Records for this exercise:

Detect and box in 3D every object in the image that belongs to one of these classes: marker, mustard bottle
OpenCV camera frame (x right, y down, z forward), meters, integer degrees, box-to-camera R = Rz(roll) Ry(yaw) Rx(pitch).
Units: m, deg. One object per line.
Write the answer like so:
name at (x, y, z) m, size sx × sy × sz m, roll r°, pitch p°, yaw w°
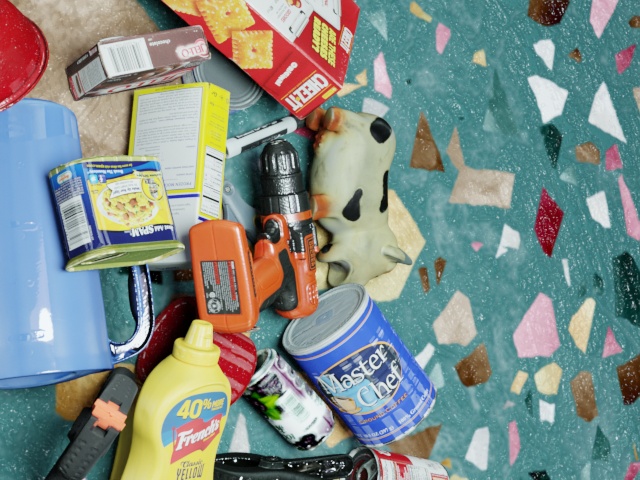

Work item:
Go through the material and copy each line that contains "object".

Exercise output:
Detect and box in 3D every object in the image that belongs to one of these classes: marker, mustard bottle
Units: m, deg. One object per line.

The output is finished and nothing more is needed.